● The task
Leave out any picture and return the remaining listing below exactly as given.

---------- Given data ----------

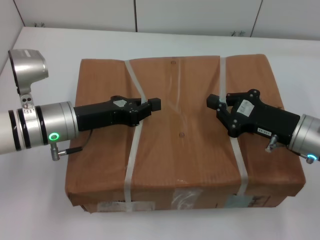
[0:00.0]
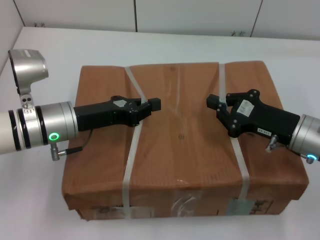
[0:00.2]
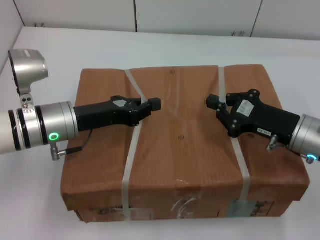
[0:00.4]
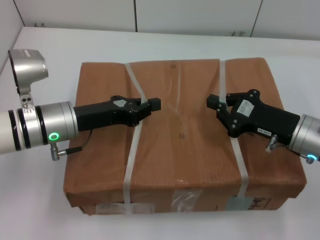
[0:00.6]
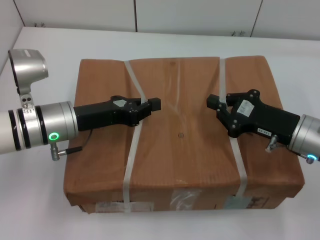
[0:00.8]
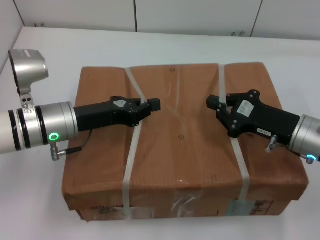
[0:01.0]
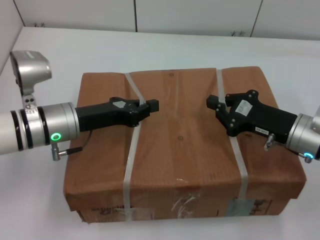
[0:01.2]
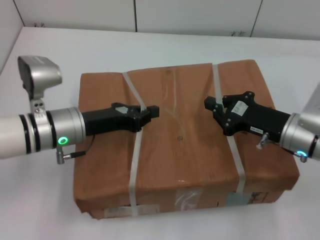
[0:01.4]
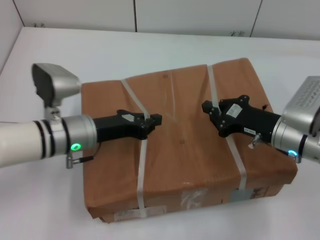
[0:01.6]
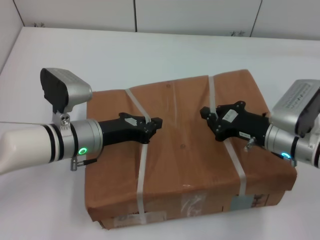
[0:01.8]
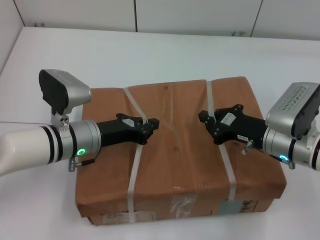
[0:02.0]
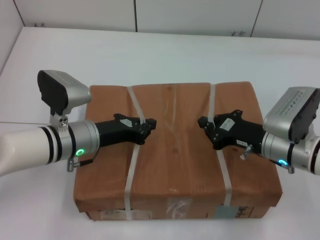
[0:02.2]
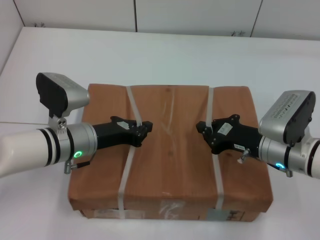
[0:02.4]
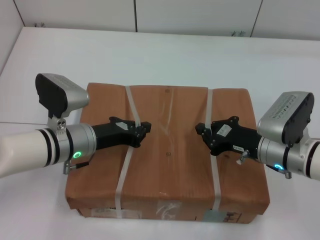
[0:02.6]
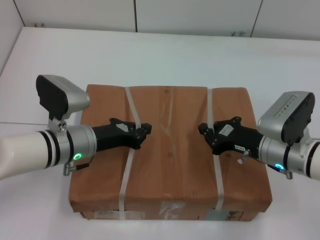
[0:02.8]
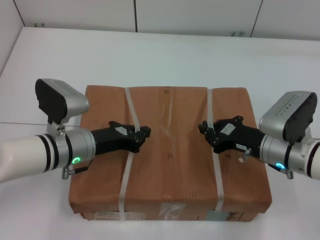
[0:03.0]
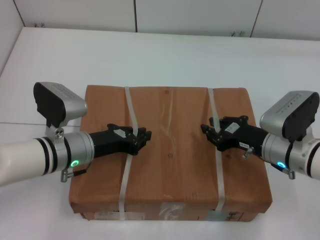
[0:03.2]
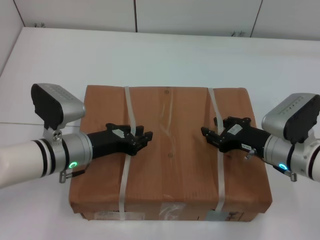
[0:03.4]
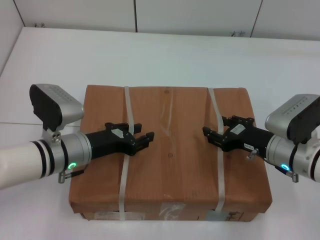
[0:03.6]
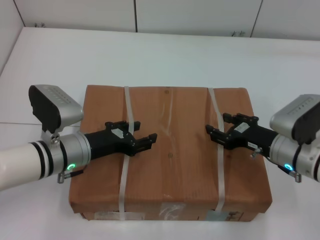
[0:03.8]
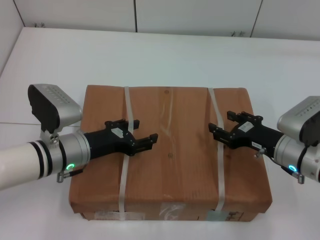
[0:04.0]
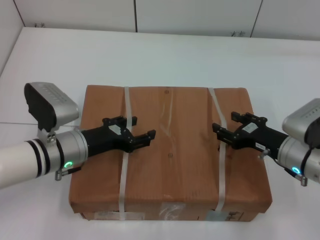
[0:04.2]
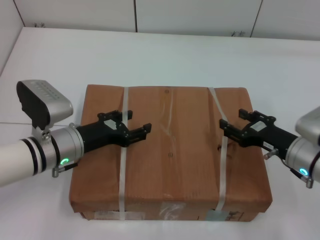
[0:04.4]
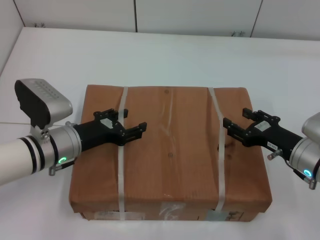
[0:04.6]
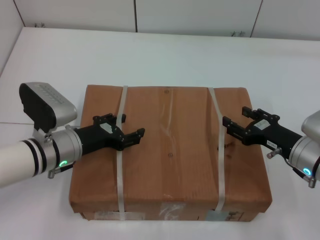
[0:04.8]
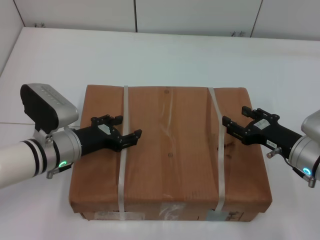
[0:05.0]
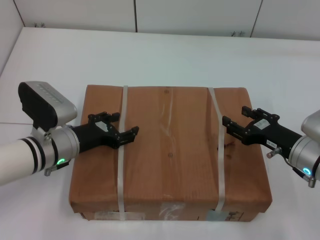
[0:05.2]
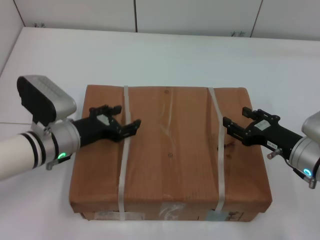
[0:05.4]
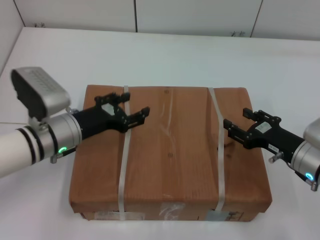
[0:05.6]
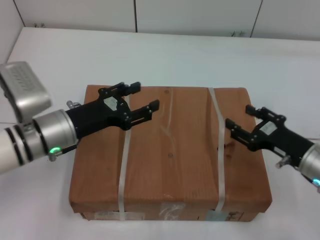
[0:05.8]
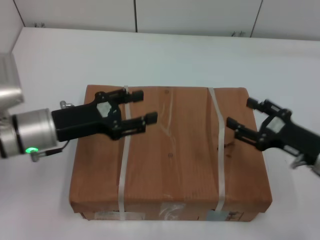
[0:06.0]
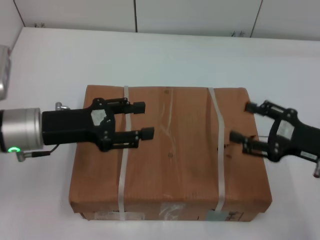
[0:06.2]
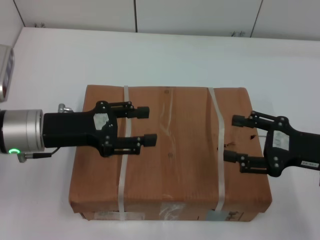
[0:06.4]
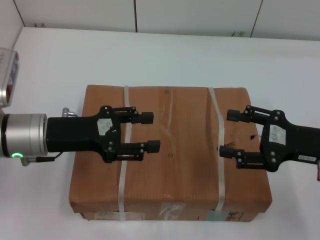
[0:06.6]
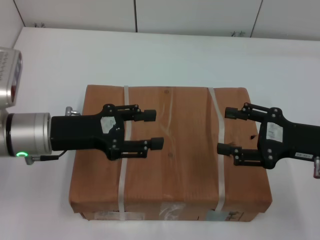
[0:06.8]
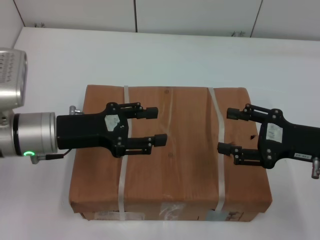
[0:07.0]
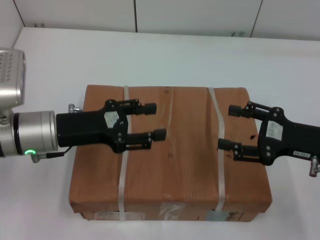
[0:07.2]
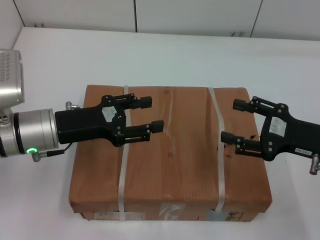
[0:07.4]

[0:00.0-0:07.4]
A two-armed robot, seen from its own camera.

----------

● Response to this exercise
[0:00.0]
[0:00.2]
[0:00.4]
[0:00.6]
[0:00.8]
[0:01.0]
[0:01.2]
[0:01.4]
[0:01.6]
[0:01.8]
[0:02.0]
[0:02.2]
[0:02.4]
[0:02.6]
[0:02.8]
[0:03.0]
[0:03.2]
[0:03.4]
[0:03.6]
[0:03.8]
[0:04.0]
[0:04.2]
[0:04.4]
[0:04.6]
[0:04.8]
[0:05.0]
[0:05.2]
[0:05.4]
[0:05.6]
[0:05.8]
[0:06.0]
[0:06.2]
[0:06.4]
[0:06.6]
[0:06.8]
[0:07.0]
[0:07.2]
[0:07.4]

[0:00.0-0:07.4]
A two-armed robot, seen from its own camera.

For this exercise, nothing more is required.